她的声音越来越大,引得办公室里的其他人都朝这边看。
赵经理叹了口气,递给她一张纸巾:"谯女士,我们也很同情您的遭遇。但这就是投资的风险,您在合同上签了字,就意味着您同意承担这些风险。
"风险?"谯冬梅冷笑,"当初你们可不是这么说的!你们说本金绝对安全,说收益有保障!你们骗了我!你们都是骗子!"
"谯女士,请您冷静一点。"赵经理的脸色也有些不好看,"我们公司只是按照相关规定处理遗留问题,并没有欺骗您。如果您对结果不满意,可以通过法律途径解决。"
法律途径?谯冬梅的心彻底沉了下去。她不是没想过,但律师费、诉讼费,哪一样不需要钱?她现在连生活都快维持不下去了,怎么可能打得起官司?
而且,就算打赢了,又能怎么样呢?公司已经说了,没钱了。
她看着赵经理那张年轻而冷漠的脸,突然觉得很疲惫。
十五年了,她从一个充满希望的中年妇女,变成了一个头发花白、满脸皱纹的老太太。她的丈夫走了,她的积蓄没了,她的人生被这个信托产品彻底毁掉了。
可到头来,她得到的只有五十八万,和一句冷冰冰的"投资有风险"。
"我...我签字。"谯冬梅的声音突然平静下来,平静得让人心疼。
赵经理愣了一下,似乎没想到她会这么快妥协。
"您想好了?"
谯冬梅点点头。她已经没有力气再争了。五十八万虽然少,但至少是一笔钱。有了这笔钱,她可以稍微改善一下生活,不用再去打那些辛苦的零工了。
她颤抖着手,在赎回协议上签下了自己的名字。这一次,她的手不是因为激动,而是因为绝望。

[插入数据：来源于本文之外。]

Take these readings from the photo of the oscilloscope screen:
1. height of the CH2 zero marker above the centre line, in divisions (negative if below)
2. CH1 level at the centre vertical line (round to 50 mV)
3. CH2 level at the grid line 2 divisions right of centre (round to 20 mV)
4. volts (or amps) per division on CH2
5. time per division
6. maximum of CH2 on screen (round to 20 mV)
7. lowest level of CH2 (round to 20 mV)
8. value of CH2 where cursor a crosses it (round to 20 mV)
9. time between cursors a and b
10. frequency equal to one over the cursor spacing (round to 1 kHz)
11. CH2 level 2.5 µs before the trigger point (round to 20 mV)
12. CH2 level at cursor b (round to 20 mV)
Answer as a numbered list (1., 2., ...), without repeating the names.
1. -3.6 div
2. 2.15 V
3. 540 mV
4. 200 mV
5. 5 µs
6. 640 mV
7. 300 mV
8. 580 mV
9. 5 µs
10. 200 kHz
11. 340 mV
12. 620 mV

签完字,赵经理递给她一张银行卡:"钱已经打到这张卡里了,您可以去银行查询。"
谯冬梅接过银行卡,卡片很轻,却重得像一块石头,压得她喘不过气。
她站起身,没有再说一句话,慢慢走出了新华信托的办公室。
电梯缓缓下降,狭小的空间里只有她一个人。她看着电梯门上自己苍老的倒影,眼泪又一次掉了下来。
走出写字楼,外面的阳光很刺眼。谯冬梅眯起眼睛,不知道该往哪里走。
十五年前,她也是这样走出银行,以为自己的人生会变得越来越好。可现在,她才明白,有些选择一旦做出,就再也回不了头了。
她握着那张银行卡,就像握着自己支离破碎的人生。
五十八万。这就是她十五年等待的结果。
她慢慢走到公交站台,等车的时候,看到路边有个卖彩票的摊位。她犹豫了一下,从口袋里掏出十块钱,买了五注彩票。
也许,人生还能有一丝希望吧。
她这样想着,嘴角露出了一丝苦涩的微笑。
公交车来了,谯冬梅随着人群上了车。她找了个靠窗的位置坐下,看着窗外飞逝的街景。
阳光透过车窗照在她身上,暖洋洋的,却驱不散她心里的寒意。
她不知道未来会怎么样,但她知道,生活还要继续。
只是,那个曾经梦想着成为千万富翁的谯冬梅,再也回不来了。她的人生,就像那个失败的信托产品一样,只剩下满目疮痍的回忆。
而那张泛黄的信托合同,她不知道该留着还是扔掉。留着,是一辈子的伤痛;扔掉,又像是扔掉了自己十五年的青春和希望。
最终,她把合同折好,放进了口袋里。也许,她会把它留给儿子,让他知道,这个世界上,从来就没有不劳而获的好事。
公交车继续前行,载着谯冬梅,驶向一个未知的未来。